As Beth Singler, anthropologist of AI and religion at the University of Zurich, has documented: chatbot technologies prioritize responses for conversational flow over precision—a significant problem for religions that rely heavily on textual sources and doctrinal accuracy (Singler, 2017; 2024).

Warning

These aren't edge cases. They represent a pattern across religious AI applications. According to Pew Research, 73% of Americans oppose using AI for spiritual guidance—yet adoption continues to grow (Pew Research Center, 2024).

The "So What?"

Here's the reframe: Theology isn't failing benchmarks because it's broken. It's "failing" because the benchmark paradigm assumes one correct answer—and theology is interpretive by design.

The plurality is the point.

When Catholics, Reformed, and Orthodox read the same verse differently, that's not a bug to fix. It's the lived reality of 2,000 years of faithful disagreement. The Stanford Encyclopedia puts it starkly: "The disagreement in theology about countless doctrinal points... made it only too obvious for a philosophical observer that there is no hermeneutical path toward establishing a full consensus about the interpretation of any biblical text whatsoever."

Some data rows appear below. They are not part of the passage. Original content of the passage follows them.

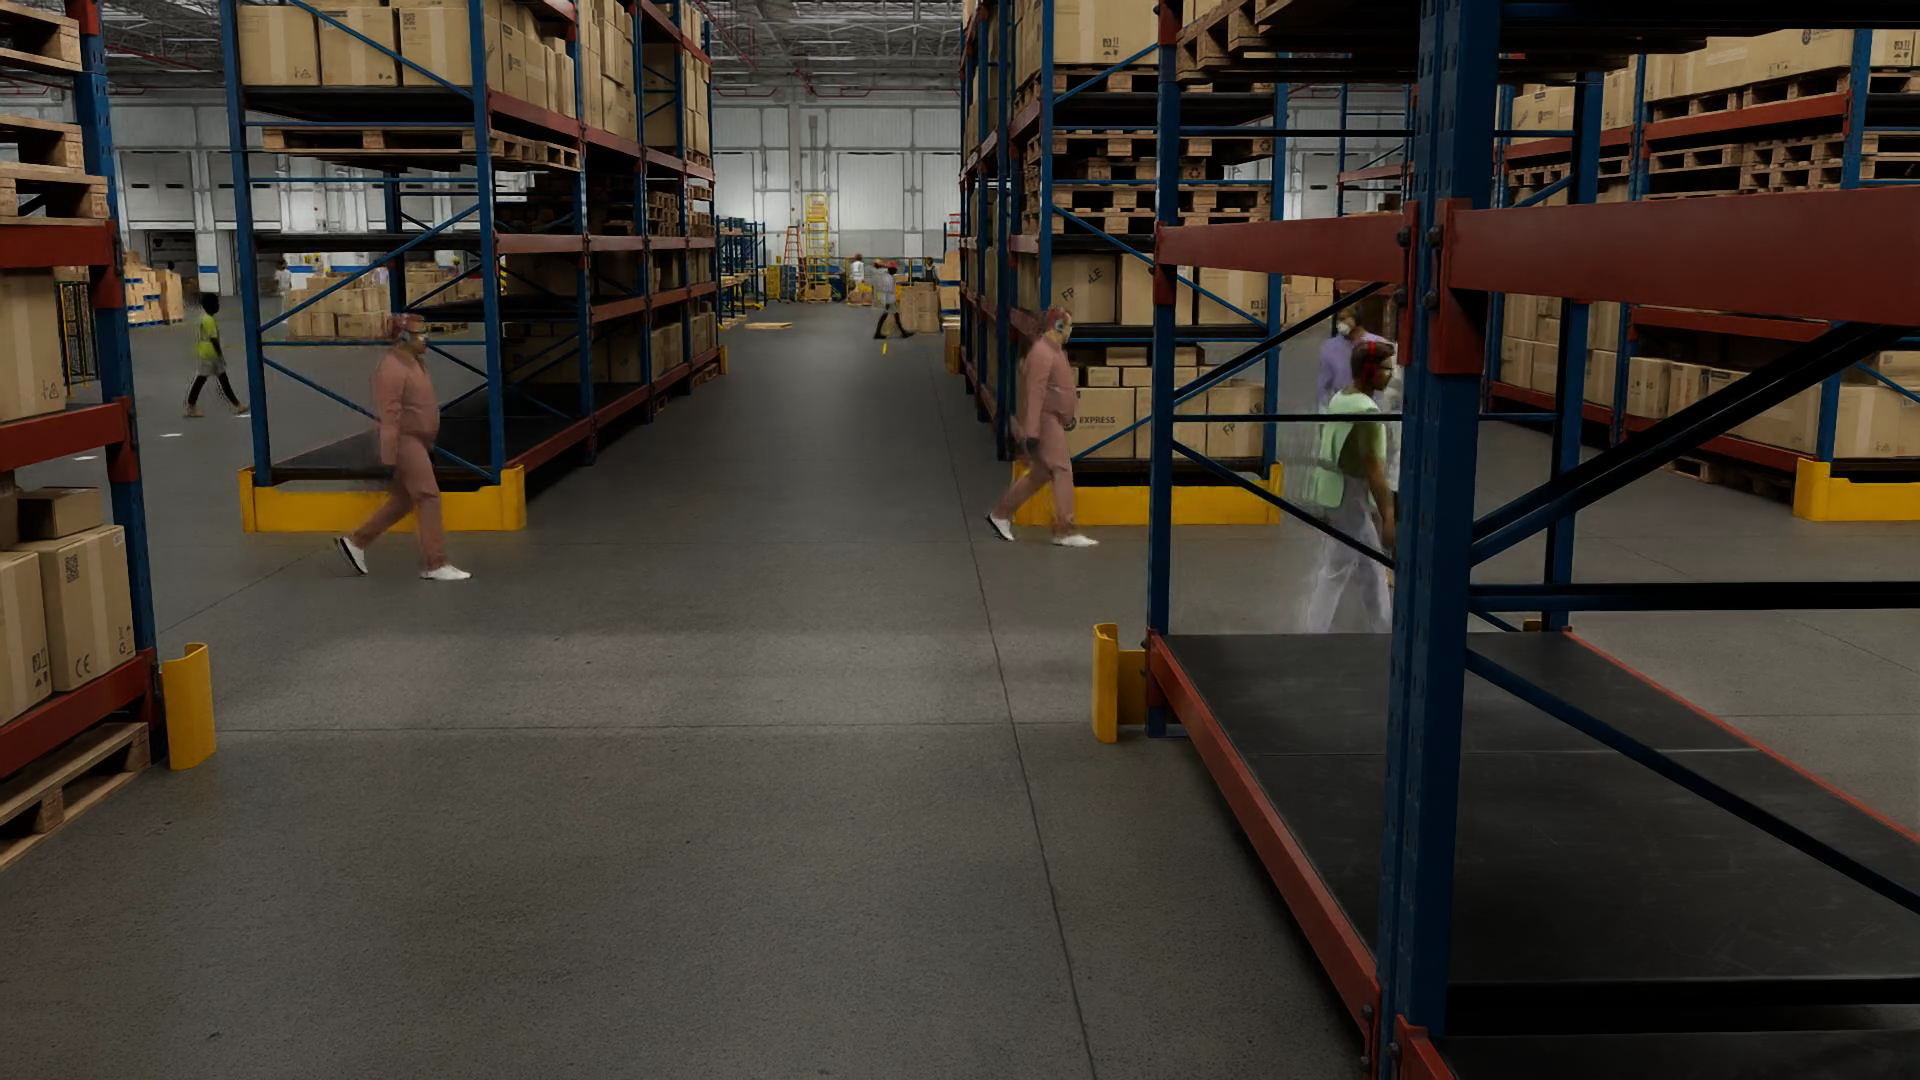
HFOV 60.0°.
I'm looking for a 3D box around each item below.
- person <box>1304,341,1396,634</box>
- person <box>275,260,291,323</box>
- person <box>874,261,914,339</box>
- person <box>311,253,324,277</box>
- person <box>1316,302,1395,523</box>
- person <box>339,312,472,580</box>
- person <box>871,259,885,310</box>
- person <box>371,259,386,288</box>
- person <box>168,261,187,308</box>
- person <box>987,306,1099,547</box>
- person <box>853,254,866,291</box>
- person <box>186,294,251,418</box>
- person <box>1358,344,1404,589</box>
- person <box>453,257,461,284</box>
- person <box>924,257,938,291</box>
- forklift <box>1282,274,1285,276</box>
[{"bbox_3d":[2.244,-0.161,8.975,0.871,1.805,0.600,0,10,-1],"label":"person"},{"bbox_3d":[-19.268,-7.091,47.561,0.916,1.824,0.523,9,14,42],"label":"person"},{"bbox_3d":[-1.625,-5.765,40.009,0.978,1.882,0.567,-1,10,-6],"label":"person"},{"bbox_3d":[-25.879,-10.606,66.973,0.626,1.887,0.563,2,10,10],"label":"person"},{"bbox_3d":[3.180,-0.976,13.370,0.654,1.886,0.980,7,13,36],"label":"person"},{"bbox_3d":[-3.883,-0.639,11.488,0.853,1.877,0.653,-1,10,-7],"label":"person"},{"bbox_3d":[-2.846,-8.840,57.530,0.487,1.746,0.289,5,11,24],"label":"person"},{"bbox_3d":[-17.978,-7.720,51.100,0.830,1.808,0.646,-4,11,-21],"label":"person"},{"bbox_3d":[-27.898,-9.025,58.813,0.874,1.655,0.540,-5,11,-27],"label":"person"},{"bbox_3d":[0.627,-0.886,12.914,0.893,1.859,0.681,2,10,13],"label":"person"},{"bbox_3d":[-3.831,-10.017,63.736,0.597,1.866,0.519,9,14,42],"label":"person"},{"bbox_3d":[-9.989,-2.465,22.270,0.887,1.640,0.546,-4,11,-20],"label":"person"},{"bbox_3d":[3.082,-0.641,11.214,0.760,1.991,0.390,1,10,6],"label":"person"},{"bbox_3d":[-19.349,-10.055,64.276,0.749,1.737,0.558,-1,10,-5],"label":"person"},{"bbox_3d":[-0.968,-8.372,54.646,0.513,1.844,0.328,8,13,38],"label":"person"},{"bbox_3d":[12.240,-10.302,62.509,1.129,2.768,1.873,0,10,-2],"label":"forklift"}]

AI that erases distinctives doesn't serve anyone. A Catholic seeking sacramental theology doesn't want a Reformed answer. A Reformed believer asking about covenant theology doesn't want Catholic soteriology. And neither wants the AI's invented synthesis of both.

What we actually need: AI systems that are tradition-aware, not tradition-erasing. Systems that can say "From a Reformed perspective..." or "Catholics would argue..." rather than synthesizing a fake consensus.

Note

FaithBench's approach: Tradition fidelity as a core sub-dimension of doctrinal scoring. Expert annotators matched to traditions. Evaluating competence within frameworks, not despite them. The goal isn't to pick winners in theological debates—it's to measure whether models can faithfully represent the positions that actual communities hold.

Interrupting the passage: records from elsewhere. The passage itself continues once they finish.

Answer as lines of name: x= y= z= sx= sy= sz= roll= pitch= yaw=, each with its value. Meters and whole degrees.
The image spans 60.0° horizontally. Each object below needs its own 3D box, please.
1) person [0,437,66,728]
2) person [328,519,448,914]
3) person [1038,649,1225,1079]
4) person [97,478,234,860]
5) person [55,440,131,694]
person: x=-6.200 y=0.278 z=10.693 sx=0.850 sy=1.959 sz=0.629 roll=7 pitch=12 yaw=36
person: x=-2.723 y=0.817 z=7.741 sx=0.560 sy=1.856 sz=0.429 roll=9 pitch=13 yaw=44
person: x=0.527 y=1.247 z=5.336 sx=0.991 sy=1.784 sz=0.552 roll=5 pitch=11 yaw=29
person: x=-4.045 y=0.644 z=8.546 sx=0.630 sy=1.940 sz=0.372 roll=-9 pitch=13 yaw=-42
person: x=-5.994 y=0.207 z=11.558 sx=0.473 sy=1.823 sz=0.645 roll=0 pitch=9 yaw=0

As Rabbi Yehuda Hausman put it after testing AI for Jewish learning: "It became ever more obvious that I was dealing with an 'AI parrot' with no real understanding."

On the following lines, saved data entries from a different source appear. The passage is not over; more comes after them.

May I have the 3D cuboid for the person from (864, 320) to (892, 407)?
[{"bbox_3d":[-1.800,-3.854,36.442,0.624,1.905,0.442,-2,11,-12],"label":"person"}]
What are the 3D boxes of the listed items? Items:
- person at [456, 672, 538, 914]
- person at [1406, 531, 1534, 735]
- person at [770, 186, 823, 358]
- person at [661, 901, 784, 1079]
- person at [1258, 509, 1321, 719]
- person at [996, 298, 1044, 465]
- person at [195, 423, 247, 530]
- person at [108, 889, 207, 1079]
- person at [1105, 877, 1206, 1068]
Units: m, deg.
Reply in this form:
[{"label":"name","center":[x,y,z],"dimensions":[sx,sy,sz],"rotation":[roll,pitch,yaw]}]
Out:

John Piper's response to AI-generated sermons: "Frankly, I'm appalled at the thought—appalled."

A Conservative Judaism rabbi, reflecting on the limits of computation: "ChatGPT cannot weep when a verse pierces the soul."

Theology resists benchmarks because it was never meant to be compressed into retrievable facts. It's a living tradition—or rather, many living traditions—of interpretation, debate, and faithful reading across centuries.

Any benchmark that ignores this isn't measuring theological competence. It's measuring something else entirely.

Note

Note on preliminary data: FaithBench scores cited in this post are from v1.0, which uses a single LLM judge (Gemini 3 Flash) without human inter-rater reliability validation. Scores should be treated as provisional automated assessments. See our methodology for full details on current limitations.

References

Chen, Z., et al. (2024). Toward expert-level medical question answering with large language models. Nature Medicine. https://doi.org/10.1038/s41591-024-03423-7

Gloo. (2025, December 15). Gloo unveils the first benchmark exposing how AI misses Christian worldview and values [Press release]. https://gloo.com/press/releases/gloo-unveils-the-first-benchmark-exposing-how-ai-misses-christian-worldview-and-values

Guha, N., et al. (2023). LegalBench: A collaboratively built benchmark for measuring legal reasoning in large language models. Proceedings of NeurIPS 2023. https://arxiv.org/abs/2308.11462

Pew Research Center. (2024). Americans' views on AI and religion. https://www.pewresearch.org

Singler, B. (2017). An introduction to artificial intelligence and religion for the religious studies scholar. Implicit Religion, 20(3), 215-231.

Singler, B. (2024). Religion and AI: An introduction. Cambridge University Press.

Tech Times. (2024, May 2). AI priest gets demoted after saying babies can be baptized with Gatorade. https://www.techtimes.com/articles/304222/20240502/ai-priest-demoted-saying-babies-baptized-gatorade.htm

The Register. (2024, May 3). AI Catholic 'priest' defrocked over interesting advice. https://www.theregister.com/2024/05/03/ai_catholic_priest/

Vanhoozer, K. J. (2024). Mere Christian hermeneutics: Transfiguring what it means to read the Bible theologically. Zondervan.